My pension wasn't completely neglected, but was underfunded.  The one regret that I have in hindsight is that there were a few years I didn't take advantage of employer matched AVC's. Also, I'm in a situation now where I'll max out my tax relief, and have spare cash that will be invested 'after tax' outside a pension. I've lots of flexibility, but I should have switched focus to pension once the mortgage was at a very comfortable level. If I had done things differently, I'd have about 100k extra in my pension, that would only have 'cost' me about 35k, factoring in missed employer contributions and tax relief.

I should point out, in my situation, there were a few years where I didn't have secure employment, so so the 'guaranteed' return of paying down mortgage was very important in my decision making at the time.


----------



## gnf_ireland (19 Mar 2018)

Sarenco said:


> If you would feel more comfortable getting mortgage-free before maximising your tax advantaged retirement savings then that's the right thing for you. After all, we are talking about personal finance.
> Either way, I strongly agree with @RedOnion that you should definitely prioritise paying off the mortgage and/or increasing your AVCs over making after-tax investments.

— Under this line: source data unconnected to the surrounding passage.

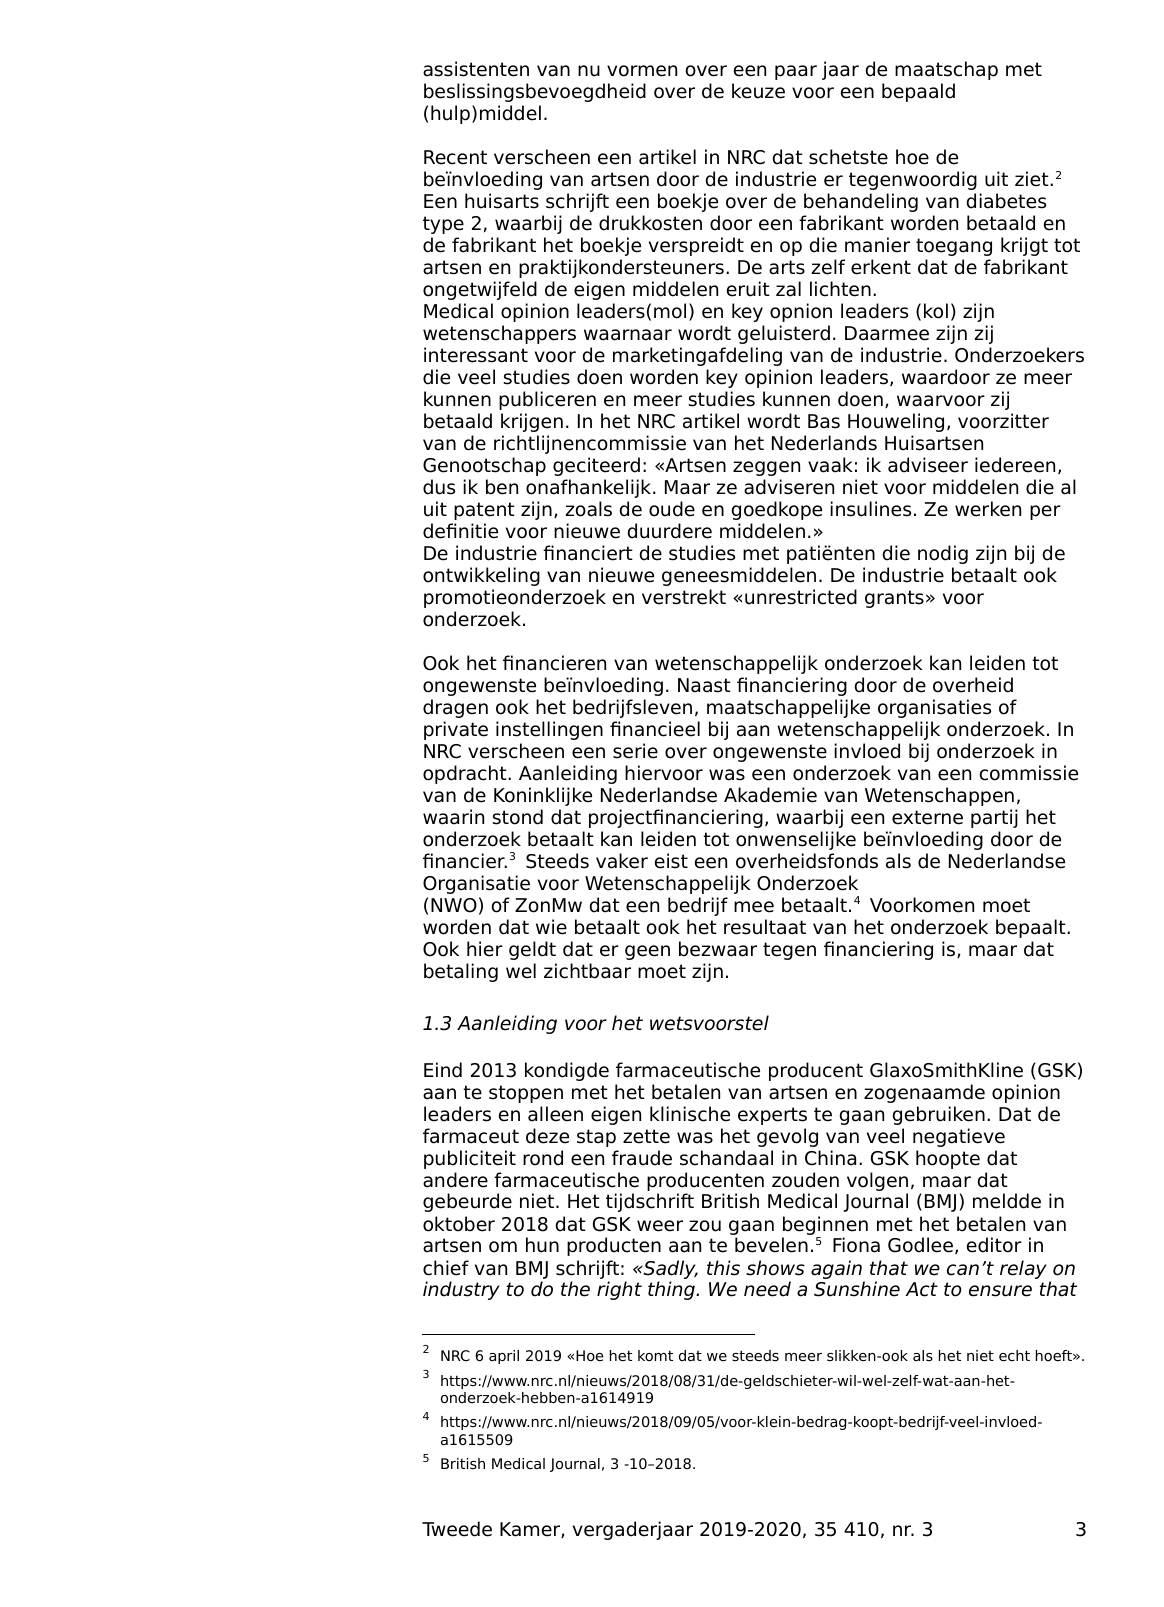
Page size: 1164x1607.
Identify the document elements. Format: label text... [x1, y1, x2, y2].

text assistenten van nu vormen over een paar jaar de maatschap met beslissingsbevoegdheid over de keuze voor een bepaald (hulp)middel. [422, 59, 1087, 125]
subtitle 1.3 Aanleiding voor het wetsvoorstel [422, 1013, 1087, 1034]
text https://www.nrc.nl/nieuws/2018/08/31/de-geldschieter-wil-wel-zelf-wat-aan-het-onderzoek-hebben-a1614919 [422, 1368, 1087, 1407]
text Eind 2013 kondigde farmaceutische producent GlaxoSmithKline (GSK) aan te stoppen met het betalen van artsen en zogenaamde opinion leaders en alleen eigen klinische experts te gaan gebruiken. Dat de farmaceut deze stap zette was het gevolg van veel negatieve publiciteit rond een fraude schandaal in China. GSK hoopte dat andere farmaceutische producenten zouden volgen, maar dat gebeurde niet. Het tijdschrift British Medical Journal (BMJ) meldde in oktober 2018 dat GSK weer zou gaan beginnen met het betalen van artsen om hun producten aan te bevelen. Fiona Godlee, editor in chief van BMJ schrijft: «Sadly, this shows again that we can’t relay on industry to do the right thing. We need a Sunshine Act to ensure that [422, 1059, 1087, 1301]
text Ook het financieren van wetenschappelijk onderzoek kan leiden tot ongewenste beïnvloeding. Naast financiering door de overheid dragen ook het bedrijfsleven, maatschappelijke organisaties of private instellingen financieel bij aan wetenschappelijk onderzoek. In NRC verscheen een serie over ongewenste invloed bij onderzoek in opdracht. Aanleiding hiervoor was een onderzoek van een commissie van de Koninklijke Nederlandse Akademie van Wetenschappen, waarin stond dat projectfinanciering, waarbij een externe partij het onderzoek betaalt kan leiden tot onwenselijke beïnvloeding door de financier. Steeds vaker eist een overheidsfonds als de Nederlandse Organisatie voor Wetenschappelijk Onderzoek [422, 653, 1087, 895]
text Medical opinion leaders(mol) en key opnion leaders (kol) zijn wetenschappers waarnaar wordt geluisterd. Daarmee zijn zij interessant voor de marketingafdeling van de industrie. Onderzoekers die veel studies doen worden key opinion leaders, waardoor ze meer kunnen publiceren en meer studies kunnen doen, waarvoor zij betaald krijgen. In het NRC artikel wordt Bas Houweling, voorzitter van de richtlijnencommissie van het Nederlands Huisartsen Genootschap geciteerd: «Artsen zeggen vaak: ik adviseer iedereen, dus ik ben onafhankelijk. Maar ze adviseren niet voor middelen die al uit patent zijn, zoals de oude en goedkope insulines. Ze werken per definitie voor nieuwe duurdere middelen.» [422, 301, 1087, 543]
text De industrie financiert de studies met patiënten die nodig zijn bij de ontwikkeling van nieuwe geneesmiddelen. De industrie betaalt ook promotieonderzoek en verstrekt «unrestricted grants» voor onderzoek. [422, 543, 1087, 631]
text Recent verscheen een artikel in NRC dat schetste hoe de beïnvloeding van artsen door de industrie er tegenwoordig uit ziet. Een huisarts schrijft een boekje over de behandeling van diabetes type 2, waarbij de drukkosten door een fabrikant worden betaald en de fabrikant het boekje verspreidt en op die manier toegang krijgt tot artsen en praktijkondersteuners. De arts zelf erkent dat de fabrikant ongetwijfeld de eigen middelen eruit zal lichten. [422, 147, 1087, 301]
text British Medical Journal, 3 -10–2018. [422, 1452, 1087, 1474]
text https://www.nrc.nl/nieuws/2018/09/05/voor-klein-bedrag-koopt-bedrijf-veel-invloed-a1615509 [422, 1410, 1087, 1449]
text (NWO) of ZonMw dat een bedrijf mee betaalt. Voorkomen moet worden dat wie betaalt ook het resultaat van het onderzoek bepaalt. Ook hier geldt dat er geen bezwaar tegen financiering is, maar dat betaling wel zichtbaar moet zijn. [422, 895, 1087, 983]
text NRC 6 april 2019 «Hoe het komt dat we steeds meer slikken-ook als het niet echt hoeft». [422, 1343, 1087, 1366]

Absolutely agree with above - outside a decent security blanket (rainy day fund), and cover for any immediate expected expenses such as car replacement or the likes, the best use of money is to pay down the mortgage or increase pension contributions.

Personally, I believe that it depends on the level of the mortgage versus level of pension funding. I would target the mortgage until its gets to about 45% LTV and/or 1.5 times LTI - so roughly half the CB lending rules. After that the mortgage is definitely in the "easily manageable" category and therefore the focus should move to increasing pension contributions. 
Obviously all of this is personal choice, and being debt free does offer considerable flexibility. That said so does a large pension pot in terms of early retirement etc.

Having experienced the full impact of taxes on investments outside of a pension fund, I have to say it should be a last resort to people once they hit a certain age bracket.  I still believe Ireland needs something aligned to an ISA for this purpose... but will it ever happen !


----------



## Gordon Gekko (19 Mar 2018)

It would only cost you €338 a month after tax to max out your AVCs; you can contribute 20% of €45,000 and are already doing 5%.

As others have suggested, clear the car loan; having that with so much cash on the side is madness.

Then get a better mortgage rate. Then start paying it down aggressively (i.e. overpaying at least €1,000 a month).

You could be in great financial shape if you stick to the plan.


----------



## scomposto (22 Mar 2018)

Thanks to all for the advice, it is much appreciated and very helpful!


I am making arrangements to get the car loan sorted out. Deep down I kind of knew that it was a silly idea, but I liked the comfort of not having to dip into the savings for it. But as pointed out, there’s no point having a loan balance outstanding with the savings just sitting there! (I cleared my last car loan for this very reason, although it was a much smaller balance)


The advice on the after tax investments makes perfect sense also, I never really thought of it that way. They are not for me at this point in time I suppose.


From the ‘personal’ finance point of view, I think we are happier to wipe the mortgage out as quickly as possible. We are going to aim for €1000 - €1200 per month. Should have it done in less than 10 years, which would be amazing! As my salary increases, I will siphon some of that additional gross pay into AVC’s -probably starting from next year. I think that should give us a fair spread across pension pots and becoming debt free. I intend on keeping tabs on things and reviewing every 6 to 12 months to see where we stand and whether we can increase funds into one thing or the other.


Finally, a couple of people mentioned getting a better mortgage rate. I have heard recently that KBC might be reducing their rates over the next few months, so I will see what they offer before going down that road. Otherwise there does seem to be some slightly better rates available elsewhere, which we did a quick bit of research on.


Does anyone have an idea of what costs would be involved in switching. I see that Haven mortgages have a variable rate of 2.75% (2.8% APRC) for an LTV of 50% or less, which would be our bracket shortly. They are offering €2000 to cover switching costs also – would the costs be much more than that typically?


----------



## gnf_ireland (22 Mar 2018)

scomposto said:


> Does anyone have an idea of what costs would be involved in switching. I see that Haven mortgages have a variable rate of 2.75% (2.8% APRC) for an LTV of 50% or less, which would be our bracket shortly. They are offering €2000 to cover switching costs also – would the costs be much more than that typically?



Ballpark it would be less than 1500 euro to switch. You will need to pay a valuation fee of 130 euro and the solicitor fees of around 1000-1200 depending on your solicitor. If you go to your original one they may do it at a discount for you. Alternatively they might throw in writing a will or something as a sweetener for you !
2000 euro will easily cover the cost of switching, and have a nice weekend away for your trouble !


----------